Barong sebagai wujud budaya dalam Agama Hindu di Bali Utara tidak banyak ditemukan, bahkan budaya bebarongan yang sangat marak di Bali Selatan tidak ditemukan di Bali Utara. Kalaupun ada dibeberapa daerah seperti Pemaron, Tejakula termasuk langka dan perkecualian. Dengan demikian Tari Barong di Bali Utara tidak memiliki taksu sakral seperti di Bali Selatan. Hal ini dapat dipahami karena kesenian memiliki ikatan kental dengan masyarakat pendukungnya. Karena di Bali Utara banyak juga dikuasai oleh orang Bali Selatan dalam kepariwisataan maka event dianggap sukses di Bali Selatan dilaksanakan pula di Bali Utara, sehingga Barong di Bali Utara tidak memiliki basis sistem religi seperti di Bali Selatan. Karena Bali Utara adalah "ngekor Bali Selatan" maka Tari Barong yang sudah kehilangan akar budaya dan religi juga ditarikan di Bali Utara dalam memeriahkan sebuah ajatan Bulfest tahun 2014, 2015 dan 2016.
Tari Barong merupakan pertunjukan tradisional di Bali yang menggambarkan pertempuran antara Barong dan Rangda yang sangat terkenal dan sering dipertunjukkan sebagai atraksi budaya untuk wisatawan. Terutama Tari Barong imitasi, sebagai duplikasi dari Tari Barong sakral.
Barong adalah karakter dalam mitologi Bali, ia merupakan padanan dari Rangda. Banaspatiraja adalah esensi rohaniah yang mendampingi/menjaga manusia dalam hidupnyan (catur sanak).
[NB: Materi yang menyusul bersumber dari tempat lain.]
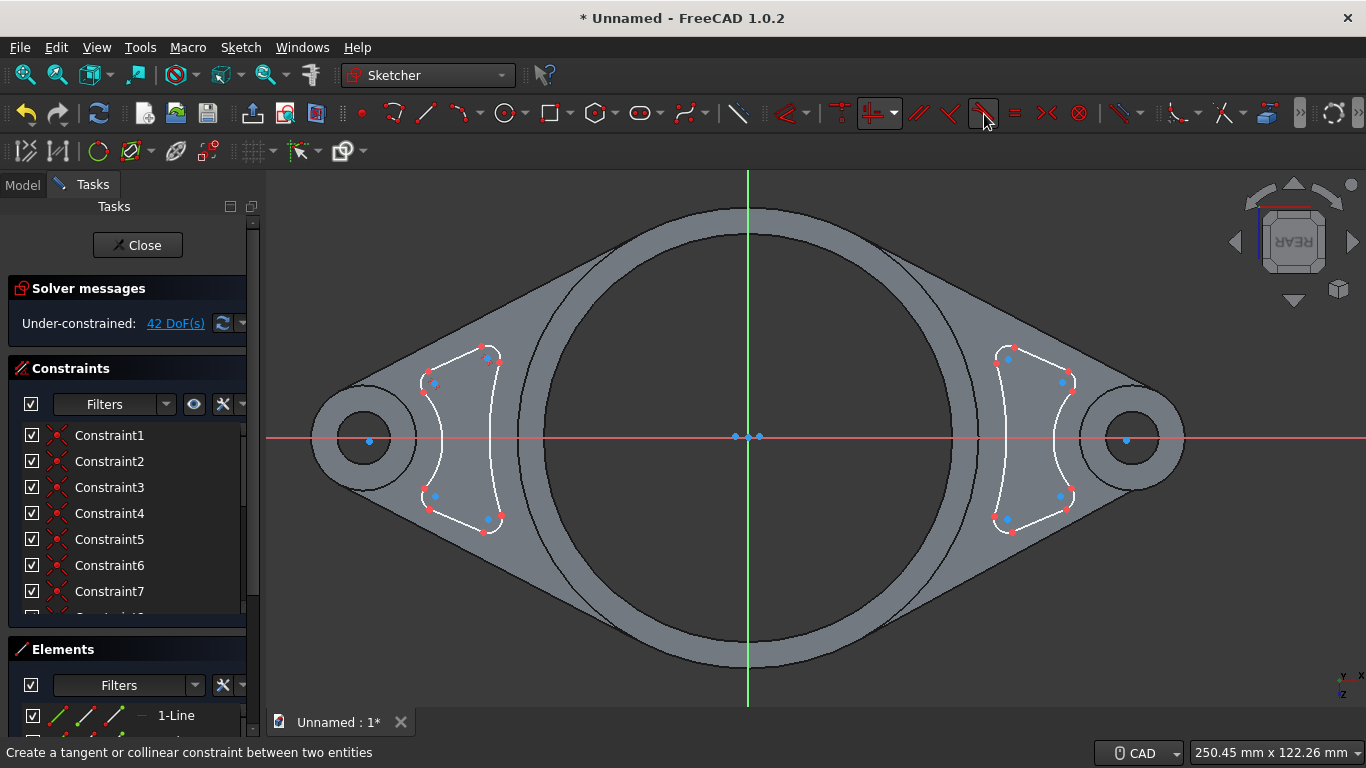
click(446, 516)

Banaspatiraja dipercaya dipercaya sebagai roh yang memberikan taksu/sakti/kekuatan magis pada Barong sebagai roh pelindung. Di Bali terutama di Bali Selatan banyak ditemukan Barong yang menjadi pelindung "sarwa butah, sarwa tatwam, sarwapranidah sakino bawantu swaha" di Bali. Setiap Barong yang mewakili daerah tertentu digambarkan sebagai makhluk motilogi yang berbeda, ada Barong Bangkung dan Bangkal, Barong Ket, Barong Landung, Barong Wayang (Barong Lepas), Barong Macan, Barong Paksi Jetayu, Barong Sapi, Barong Kijang, Rangda dan sebagainya.
Secara genealogis lebih hakiki, Barong sebagai manifestasi pelindung Desa Pakraman merupakan genealogi atau fungsionalisasi dari kebalian (catur sanak) Mrajapati, Anggapati, Banaspati dan Banaspatiraja. Mrajapati nyaga satru di pakraman (melinggih ring mrajapati di ulun setra), Anggapati berfungsi jaga satru pekarangan rumah menjadi Jro Tugu, Banaspati nyaga satru jadi Panglurah Agung di Sanggah dan Banaspatiraja menjadi nyaga satru kemana saja dan dimana saja, termasuk jadi Barong dengan berbagai bentuk dan representasinya. Barong Landung khusus terkait dengan kultus Dewa Raja (Jayapangus dan Kang Ceng Wie), Barong Macan Ciwa Bhuda (genealogi dari mitos Gagak-Aking).
Kalau dianalisis secara filosofis dan ideologis, Tari Barong Ket selalu diikuti oleh Kera Hitam dalam pementasannya, sebagai simbol kepercayaan Bali Kuno (sejak zaman megalitikun) telah mengikuti religi Awatara Wisnu (Rama-Shinta) dengan simbol monyet hitamnya, sebagai perwujudan sekta waisnawa (lihat Pageh, "Ideologi Bali Aga ..., tahun 2010).
Pertunjukan Barong antara Barongket dengan Rangda, dapat dipahami terjadi pertarungan sekta Bali Asli/Melayu Austronesia dengan sekta Ciwa (Rangdeng Dirah), digambarkan ada dalam posisi keseteraan, karena sapih dalam pertarungan itu. Di Bali dikenal ilmu putih (white magic) dan ilmu hitam (black magic) merupakan esensi budaya dan sistem religi tersebut rwabhineda di Bali semuanya fungsionalisasi dari Banaspatiraja yang dikoptasi menjadi dewa-dewa oleh Hindu setelah Agama Hindu abad ke-8 memasuki Bali, dari Gunung Raung oleh tokoh Rsi Markandeya yang diiringi oleh Wong Aga, sehingga kemudian menjadi Wong Bali Aga setelah berkembang dan berkolaborasi dengan Wong Bali Mula.